[[ Records shown open ]]

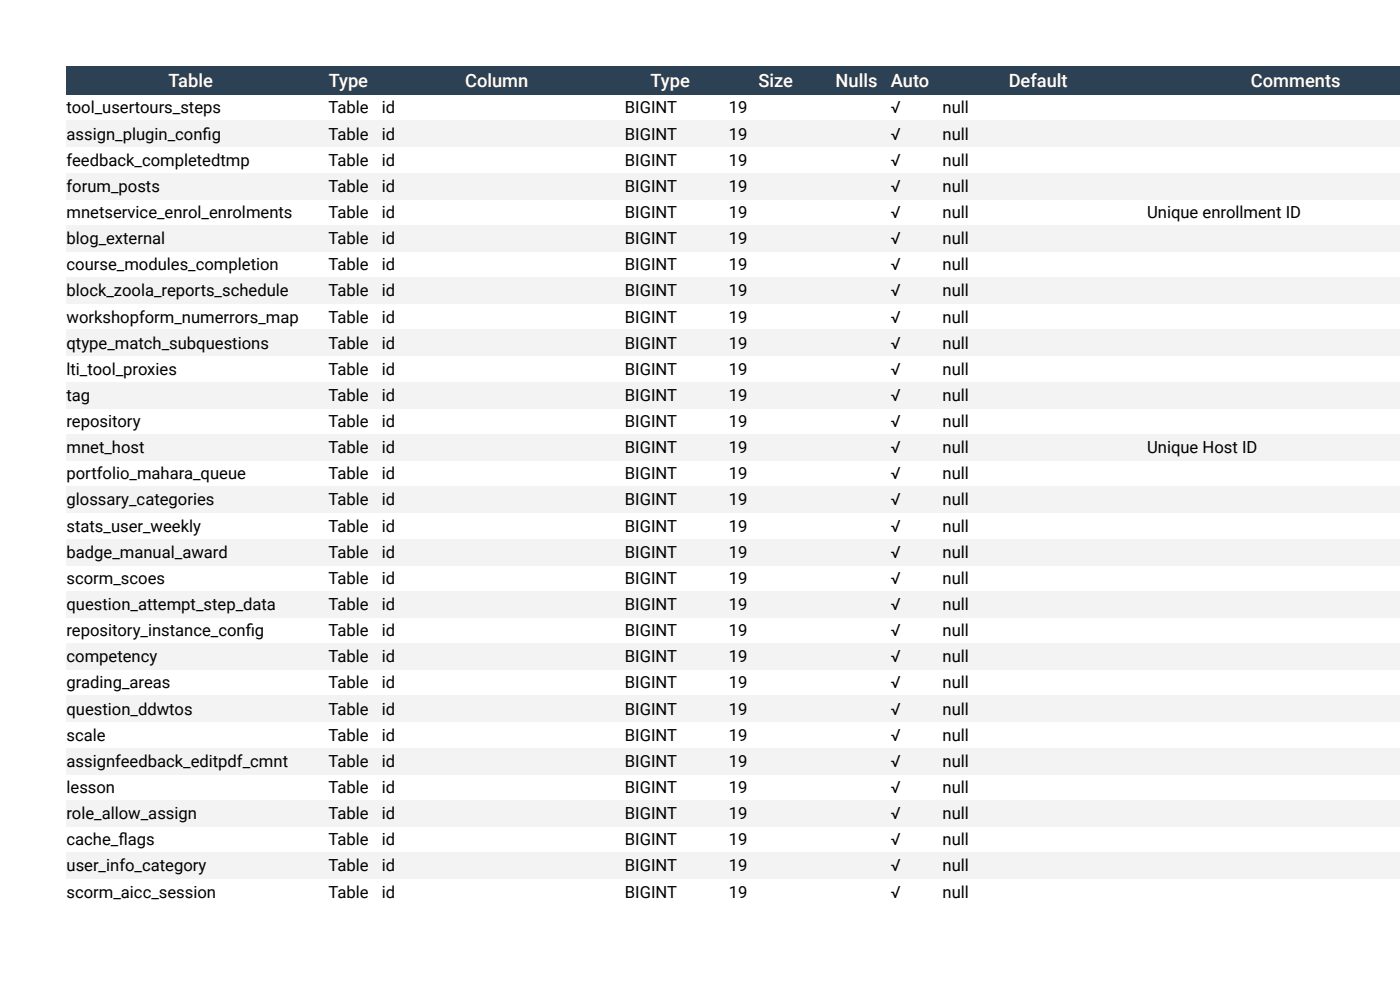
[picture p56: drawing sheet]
<svg xmlns="http://www.w3.org/2000/svg" width="297mm" height="210mm" viewBox="0 0 297 210" stroke-linecap="round" stroke-linejoin="round" font-family="sans-serif">
<defs><g id="words">
<g font-size="3.9" fill="#fff">
<text x="35.8" y="18.4">Table</text>
<text x="69.7" y="18.4">Type</text>
<text x="98.7" y="18.4">Column</text>
<text x="138" y="18.4">Type</text>
<text x="160.9" y="18.4">Size</text>
<text x="177.3" y="18.4">Nulls</text>
<text x="189" y="18.4">Auto</text>
<text x="214" y="18.4">Default</text>
<text x="265.4" y="18.4">Comments</text>
</g>
<g font-size="3.5">
<text x="14.1" y="24">tool_usertours_steps</text>
<text x="14.1" y="29.6">assign_plugin_conf</text>
<text x="43" y="29.6">ig</text>
<text x="69.7" y="24">Table</text>
<text x="69.7" y="29.6">Table</text>
<text x="81" y="24">id</text>
<text x="81" y="29.6">id</text>
<text x="132.6" y="24">BIGINT</text>
<text x="132.6" y="29.6">BIGINT</text>
<text x="154.6" y="24">19</text>
<text x="154.6" y="29.6">19</text>
<text x="189" y="24">√</text>
<text x="189" y="29.6">√</text>
<text x="200" y="24">null</text>
<text x="200" y="29.6">null</text>
<text x="14.1" y="35.1">feedback_completedtmp</text>
<text x="69.7" y="35.1">Table</text>
<text x="81" y="35.1">id</text>
<text x="132.6" y="35.1">BIGINT</text>
<text x="154.6" y="35.1">19</text>
<text x="189" y="35.1">√</text>
<text x="200" y="35.1">null</text>
<text x="14.1" y="40.7">forum_posts</text>
<text x="69.7" y="40.7">Table</text>
<text x="81" y="40.7">id</text>
<text x="132.6" y="40.7">BIGINT</text>
<text x="154.6" y="40.7">19</text>
<text x="189" y="40.7">√</text>
<text x="200" y="40.7">null</text>
<text x="14.1" y="46.2">mnetservice_enrol_enrolments</text>
<text x="69.7" y="46.2">Table</text>
<text x="81" y="46.2">id</text>
<text x="132.6" y="46.2">BIGINT</text>
<text x="154.6" y="46.2">19</text>
<text x="189" y="46.2">√</text>
<text x="200" y="46.2">null</text>
<text x="243.3" y="46.2">Unique enrollment ID</text>
<text x="14.1" y="51.8">blog_external</text>
<text x="69.7" y="51.8">Table</text>
<text x="81" y="51.8">id</text>
<text x="132.6" y="51.8">BIGINT</text>
<text x="154.6" y="51.8">19</text>
<text x="189" y="51.8">√</text>
<text x="200" y="51.8">null</text>
<text x="14.1" y="57.3">course_modules_completion</text>
<text x="69.7" y="57.3">Table</text>
<text x="81" y="57.3">id</text>
<text x="132.6" y="57.3">BIGINT</text>
<text x="154.6" y="57.3">19</text>
<text x="189" y="57.3">√</text>
<text x="200" y="57.3">null</text>
<text x="14.1" y="62.9">block_zoola_reports_schedule</text>
<text x="69.7" y="62.9">Table</text>
<text x="81" y="62.9">id</text>
<text x="132.6" y="62.9">BIGINT</text>
<text x="154.6" y="62.9">19</text>
<text x="189" y="62.9">√</text>
<text x="200" y="62.9">null</text>
<text x="14.1" y="68.4">workshopform_numerrors_map</text>
<text x="69.7" y="68.4">Table</text>
<text x="81" y="68.4">id</text>
<text x="132.6" y="68.4">BIGINT</text>
<text x="154.6" y="68.4">19</text>
<text x="189" y="68.4">√</text>
<text x="200" y="68.4">null</text>
<text x="14.1" y="74">qtype_match_subquestions</text>
<text x="69.7" y="74">Table</text>
<text x="81" y="74">id</text>
<text x="132.6" y="74">BIGINT</text>
<text x="154.6" y="74">19</text>
<text x="189" y="74">√</text>
<text x="200" y="74">null</text>
<text x="14.1" y="79.5">lti_tool_proxies</text>
<text x="69.7" y="79.5">Table</text>
<text x="81" y="79.5">id</text>
<text x="132.6" y="79.5">BIGINT</text>
<text x="154.6" y="79.5">19</text>
<text x="189" y="79.5">√</text>
<text x="200" y="79.5">null</text>
<text x="14.1" y="85">tag</text>
<text x="69.7" y="85">Table</text>
<text x="81" y="85">id</text>
<text x="132.6" y="85">BIGINT</text>
<text x="154.6" y="85">19</text>
<text x="189" y="85">√</text>
<text x="200" y="85">null</text>
<text x="14.1" y="90.6">repository</text>
<text x="69.7" y="90.6">Table</text>
<text x="81" y="90.6">id</text>
<text x="132.6" y="90.6">BIGINT</text>
<text x="154.6" y="90.6">19</text>
<text x="189" y="90.6">√</text>
<text x="200" y="90.6">null</text>
<text x="14.1" y="96.1">mnet_host</text>
<text x="14.1" y="101.7">portfolio_mahara_queue</text>
<text x="69.7" y="96.1">Table</text>
<text x="69.7" y="101.7">Table</text>
<text x="81" y="96.1">id</text>
<text x="81" y="101.7">id</text>
<text x="132.6" y="96.1">BIGINT</text>
<text x="132.6" y="101.7">BIGINT</text>
<text x="154.6" y="96.1">19</text>
<text x="154.6" y="101.7">19</text>
<text x="189" y="96.1">√</text>
<text x="189" y="101.7">√</text>
<text x="200" y="96.1">null</text>
<text x="200" y="101.7">null</text>
<text x="243.3" y="96.1">Unique Host ID</text>
<text x="14.1" y="107.2">glossary_categories</text>
<text x="69.7" y="107.2">Table</text>
<text x="81" y="107.2">id</text>
<text x="132.6" y="107.2">BIGINT</text>
<text x="154.6" y="107.2">19</text>
<text x="189" y="107.2">√</text>
<text x="200" y="107.2">null</text>
<text x="14.1" y="112.8">stats_user_weekly</text>
<text x="69.7" y="112.8">Table</text>
<text x="81" y="112.8">id</text>
<text x="132.6" y="112.8">BIGINT</text>
<text x="154.6" y="112.8">19</text>
<text x="189" y="112.8">√</text>
<text x="200" y="112.8">null</text>
<text x="14.1" y="118.3">badge_manual_award</text>
<text x="69.7" y="118.3">Table</text>
<text x="81" y="118.3">id</text>
<text x="132.6" y="118.3">BIGINT</text>
<text x="154.6" y="118.3">19</text>
<text x="189" y="118.3">√</text>
<text x="200" y="118.3">null</text>
<text x="14.1" y="123.9">scorm_scoes</text>
<text x="69.7" y="123.9">Table</text>
<text x="81" y="123.9">id</text>
<text x="132.6" y="123.9">BIGINT</text>
<text x="154.6" y="123.9">19</text>
<text x="189" y="123.9">√</text>
<text x="200" y="123.9">null</text>
<text x="14.1" y="129.4">question_attempt_step_data</text>
<text x="69.7" y="129.4">Table</text>
<text x="81" y="129.4">id</text>
<text x="132.6" y="129.4">BIGINT</text>
<text x="154.6" y="129.4">19</text>
<text x="189" y="129.4">√</text>
<text x="200" y="129.4">null</text>
<text x="14.1" y="135">repository_instance_conf</text>
<text x="52.1" y="135">ig</text>
<text x="69.7" y="135">Table</text>
<text x="81" y="135">id</text>
<text x="132.6" y="135">BIGINT</text>
<text x="154.6" y="135">19</text>
<text x="189" y="135">√</text>
<text x="200" y="135">null</text>
<text x="14.1" y="140.5">competency</text>
<text x="69.7" y="140.5">Table</text>
<text x="81" y="140.5">id</text>
<text x="132.6" y="140.5">BIGINT</text>
<text x="154.6" y="140.5">19</text>
<text x="189" y="140.5">√</text>
<text x="200" y="140.5">null</text>
<text x="14.1" y="146">grading_areas</text>
<text x="69.7" y="146">Table</text>
<text x="81" y="146">id</text>
<text x="132.6" y="146">BIGINT</text>
<text x="154.6" y="146">19</text>
<text x="189" y="146">√</text>
<text x="200" y="146">null</text>
<text x="14.1" y="151.6">question_ddwtos</text>
<text x="69.7" y="151.6">Table</text>
<text x="81" y="151.6">id</text>
<text x="132.6" y="151.6">BIGINT</text>
<text x="154.6" y="151.6">19</text>
<text x="189" y="151.6">√</text>
<text x="200" y="151.6">null</text>
<text x="14.1" y="157.1">scale</text>
<text x="69.7" y="157.1">Table</text>
<text x="81" y="157.1">id</text>
<text x="132.6" y="157.1">BIGINT</text>
<text x="154.6" y="157.1">19</text>
<text x="189" y="157.1">√</text>
<text x="200" y="157.1">null</text>
<text x="14.1" y="162.7">assignfeedback_editpdf_cmnt</text>
<text x="69.7" y="162.7">Table</text>
<text x="81" y="162.7">id</text>
<text x="132.6" y="162.7">BIGINT</text>
<text x="154.6" y="162.7">19</text>
<text x="189" y="162.7">√</text>
<text x="200" y="162.7">null</text>
<text x="14.1" y="168.2">lesson</text>
<text x="14.1" y="173.8">role_allow_assign</text>
<text x="69.7" y="168.2">Table</text>
<text x="69.7" y="173.8">Table</text>
<text x="81" y="168.2">id</text>
<text x="81" y="173.8">id</text>
<text x="132.6" y="168.2">BIGINT</text>
<text x="132.6" y="173.8">BIGINT</text>
<text x="154.6" y="168.2">19</text>
<text x="154.6" y="173.8">19</text>
<text x="189" y="168.2">√</text>
<text x="189" y="173.8">√</text>
<text x="200" y="168.2">null</text>
<text x="200" y="173.8">null</text>
<text x="14.1" y="179.3">cache_f</text>
<text x="25.1" y="179.3">lags</text>
<text x="69.7" y="179.3">Table</text>
<text x="81" y="179.3">id</text>
<text x="132.6" y="179.3">BIGINT</text>
<text x="154.6" y="179.3">19</text>
<text x="189" y="179.3">√</text>
<text x="200" y="179.3">null</text>
<text x="14.1" y="184.9">user_info_category</text>
<text x="69.7" y="184.9">Table</text>
<text x="81" y="184.9">id</text>
<text x="132.6" y="184.9">BIGINT</text>
<text x="154.6" y="184.9">19</text>
<text x="189" y="184.9">√</text>
<text x="200" y="184.9">null</text>
<text x="14.1" y="190.4">scorm_aicc_session</text>
<text x="69.7" y="190.4">Table</text>
<text x="81" y="190.4">id</text>
<text x="132.6" y="190.4">BIGINT</text>
<text x="154.6" y="190.4">19</text>
<text x="189" y="190.4">√</text>
<text x="200" y="190.4">null</text>
</g>
</g></defs>
<g fill="#f3f3f3">
<path d="M241.9 180.9h55.2v5.5h-55.2z"/>
<path d="M198.6 180.9h43.3v5.5h-43.3z"/>
<path d="M187.6 180.9h11v5.5h-11z"/>
<path d="M175.9 180.9h11.7v5.5h-11.7z"/>
<path d="M153.2 180.9h22.7v5.5h-22.7z"/>
<path d="M131.2 180.9h22v5.5h-22z"/>
<path d="M79.6 180.9h51.6v5.5h-51.6z"/>
<path d="M68.2 180.9h11.4v5.5h-11.4z"/>
<path d="M14.1 180.9h54.1v5.5h-54.1z"/>
<path d="M241.9 169.8h55.2v5.5h-55.2z"/>
<path d="M198.6 169.8h43.3v5.5h-43.3z"/>
<path d="M187.6 169.8h11v5.5h-11z"/>
<path d="M175.9 169.8h11.7v5.5h-11.7z"/>
<path d="M153.2 169.8h22.7v5.5h-22.7z"/>
<path d="M131.2 169.8h22v5.5h-22z"/>
<path d="M79.6 169.8h51.6v5.5h-51.6z"/>
<path d="M68.2 169.8h11.4v5.5h-11.4z"/>
<path d="M14.1 169.8h54.1v5.5h-54.1z"/>
<path d="M241.9 158.7h55.2v5.5h-55.2z"/>
<path d="M198.6 158.7h43.3v5.5h-43.3z"/>
<path d="M187.6 158.7h11v5.5h-11z"/>
<path d="M175.9 158.7h11.7v5.5h-11.7z"/>
<path d="M153.2 158.7h22.7v5.5h-22.7z"/>
<path d="M131.2 158.7h22v5.5h-22z"/>
<path d="M79.6 158.7h51.6v5.5h-51.6z"/>
<path d="M68.2 158.7h11.4v5.5h-11.4z"/>
<path d="M14.1 158.7h54.1v5.5h-54.1z"/>
<path d="M241.9 147.6h55.2v5.6h-55.2z"/>
<path d="M198.6 147.6h43.3v5.6h-43.3z"/>
<path d="M187.6 147.6h11v5.6h-11z"/>
<path d="M175.9 147.6h11.7v5.6h-11.7z"/>
<path d="M153.2 147.6h22.7v5.6h-22.7z"/>
<path d="M131.2 147.6h22v5.6h-22z"/>
<path d="M79.6 147.6h51.6v5.6h-51.6z"/>
<path d="M68.2 147.6h11.4v5.6h-11.4z"/>
<path d="M14.1 147.6h54.1v5.6h-54.1z"/>
<path d="M241.9 136.5h55.2v5.6h-55.2z"/>
<path d="M198.6 136.5h43.3v5.6h-43.3z"/>
<path d="M187.6 136.5h11v5.6h-11z"/>
<path d="M175.9 136.5h11.7v5.6h-11.7z"/>
<path d="M153.2 136.5h22.7v5.6h-22.7z"/>
<path d="M131.2 136.5h22v5.6h-22z"/>
<path d="M79.6 136.5h51.6v5.6h-51.6z"/>
<path d="M68.2 136.5h11.4v5.6h-11.4z"/>
<path d="M14.1 136.5h54.1v5.6h-54.1z"/>
<path d="M241.9 125.4h55.2v5.6h-55.2z"/>
<path d="M198.6 125.4h43.3v5.6h-43.3z"/>
<path d="M187.6 125.4h11v5.6h-11z"/>
<path d="M175.9 125.4h11.7v5.6h-11.7z"/>
<path d="M153.2 125.4h22.7v5.6h-22.7z"/>
<path d="M131.2 125.4h22v5.6h-22z"/>
<path d="M79.6 125.4h51.6v5.6h-51.6z"/>
<path d="M68.2 125.4h11.4v5.6h-11.4z"/>
<path d="M14.1 125.4h54.1v5.6h-54.1z"/>
<path d="M241.9 114.3h55.2v5.6h-55.2z"/>
<path d="M198.6 114.3h43.3v5.6h-43.3z"/>
<path d="M187.6 114.3h11v5.6h-11z"/>
<path d="M175.9 114.3h11.7v5.6h-11.7z"/>
<path d="M153.2 114.3h22.7v5.6h-22.7z"/>
<path d="M131.2 114.3h22v5.6h-22z"/>
<path d="M79.6 114.3h51.6v5.6h-51.6z"/>
<path d="M68.2 114.3h11.4v5.6h-11.4z"/>
<path d="M14.1 114.3h54.1v5.6h-54.1z"/>
<path d="M241.9 103.2h55.2v5.6h-55.2z"/>
<path d="M198.6 103.2h43.3v5.6h-43.3z"/>
<path d="M187.6 103.2h11v5.6h-11z"/>
<path d="M175.9 103.2h11.7v5.6h-11.7z"/>
<path d="M153.2 103.2h22.7v5.6h-22.7z"/>
<path d="M131.2 103.2h22v5.6h-22z"/>
<path d="M79.6 103.2h51.6v5.6h-51.6z"/>
<path d="M68.2 103.2h11.4v5.6h-11.4z"/>
<path d="M14.1 103.2h54.1v5.6h-54.1z"/>
<path d="M241.9 92.2h55.2v5.5h-55.2z"/>
<path d="M198.6 92.2h43.3v5.5h-43.3z"/>
<path d="M187.6 92.2h11v5.5h-11z"/>
<path d="M175.9 92.2h11.7v5.5h-11.7z"/>
<path d="M153.2 92.2h22.7v5.5h-22.7z"/>
<path d="M131.2 92.2h22v5.5h-22z"/>
<path d="M79.6 92.2h51.6v5.5h-51.6z"/>
<path d="M68.2 92.2h11.4v5.5h-11.4z"/>
<path d="M14.1 92.2h54.1v5.5h-54.1z"/>
<path d="M241.9 81.1h55.2v5.5h-55.2z"/>
<path d="M198.6 81.1h43.3v5.5h-43.3z"/>
<path d="M187.6 81.1h11v5.5h-11z"/>
<path d="M175.9 81.1h11.7v5.5h-11.7z"/>
<path d="M153.2 81.1h22.7v5.5h-22.7z"/>
<path d="M131.2 81.1h22v5.5h-22z"/>
<path d="M79.6 81.1h51.6v5.5h-51.6z"/>
<path d="M68.2 81.1h11.4v5.5h-11.4z"/>
<path d="M14.1 81.1h54.1v5.5h-54.1z"/>
<path d="M241.9 70h55.2v5.5h-55.2z"/>
<path d="M198.6 70h43.3v5.5h-43.3z"/>
<path d="M187.6 70h11v5.5h-11z"/>
<path d="M175.9 70h11.7v5.5h-11.7z"/>
<path d="M153.2 70h22.7v5.5h-22.7z"/>
<path d="M131.2 70h22v5.5h-22z"/>
<path d="M79.6 70h51.6v5.5h-51.6z"/>
<path d="M68.2 70h11.4v5.5h-11.4z"/>
<path d="M14.1 70h54.1v5.5h-54.1z"/>
<path d="M241.9 58.9h55.2v5.5h-55.2z"/>
<path d="M198.6 58.9h43.3v5.5h-43.3z"/>
<path d="M187.6 58.9h11v5.5h-11z"/>
<path d="M175.9 58.9h11.7v5.5h-11.7z"/>
<path d="M153.2 58.9h22.7v5.5h-22.7z"/>
<path d="M131.2 58.9h22v5.5h-22z"/>
<path d="M79.6 58.9h51.6v5.5h-51.6z"/>
<path d="M68.2 58.9h11.4v5.5h-11.4z"/>
<path d="M14.1 58.9h54.1v5.5h-54.1z"/>
<path d="M241.9 47.8h55.2v5.5h-55.2z"/>
<path d="M198.6 47.8h43.3v5.5h-43.3z"/>
<path d="M187.6 47.8h11v5.5h-11z"/>
<path d="M175.9 47.8h11.7v5.5h-11.7z"/>
<path d="M153.2 47.8h22.7v5.5h-22.7z"/>
<path d="M131.2 47.8h22v5.5h-22z"/>
<path d="M79.6 47.8h51.6v5.5h-51.6z"/>
<path d="M68.2 47.8h11.4v5.5h-11.4z"/>
<path d="M14.1 47.8h54.1v5.5h-54.1z"/>
<path d="M241.9 36.7h55.2v5.6h-55.2z"/>
<path d="M198.6 36.7h43.3v5.6h-43.3z"/>
<path d="M187.6 36.7h11v5.6h-11z"/>
<path d="M175.9 36.7h11.7v5.6h-11.7z"/>
<path d="M153.2 36.7h22.7v5.6h-22.7z"/>
<path d="M131.2 36.7h22v5.6h-22z"/>
<path d="M79.6 36.7h51.6v5.6h-51.6z"/>
<path d="M68.2 36.7h11.4v5.6h-11.4z"/>
<path d="M14.1 36.7h54.1v5.6h-54.1z"/>
<path d="M241.9 25.6h55.2v5.6h-55.2z"/>
<path d="M198.6 25.6h43.3v5.6h-43.3z"/>
<path d="M187.6 25.6h11v5.6h-11z"/>
<path d="M175.9 25.6h11.7v5.6h-11.7z"/>
<path d="M153.2 25.6h22.7v5.6h-22.7z"/>
<path d="M131.2 25.6h22v5.6h-22z"/>
<path d="M79.6 25.6h51.6v5.6h-51.6z"/>
<path d="M68.2 25.6h11.4v5.6h-11.4z"/>
<path d="M14.1 25.6h54.1v5.6h-54.1z"/>
</g>
<g fill="#2d4154">
<path d="M241.9 14.1h55.2v6h-55.2z"/>
<path d="M198.6 14.1h43.3v6h-43.3z"/>
<path d="M187.6 14.1h11v6h-11z"/>
<path d="M175.9 14.1h11.7v6h-11.7z"/>
<path d="M153.2 14.1h22.7v6h-22.7z"/>
<path d="M131.2 14.1h22v6h-22z"/>
<path d="M79.6 14.1h51.6v6h-51.6z"/>
<path d="M68.2 14.1h11.4v6h-11.4z"/>
<path d="M14.1 14.1h54.1v6h-54.1z"/>
</g>
<use href="#words"/>
</svg>

[[ Records shown closed ]]

Problem description
Considering only the records above, state the number of lines that include the word "fill", with nothing added.

Output for this task
3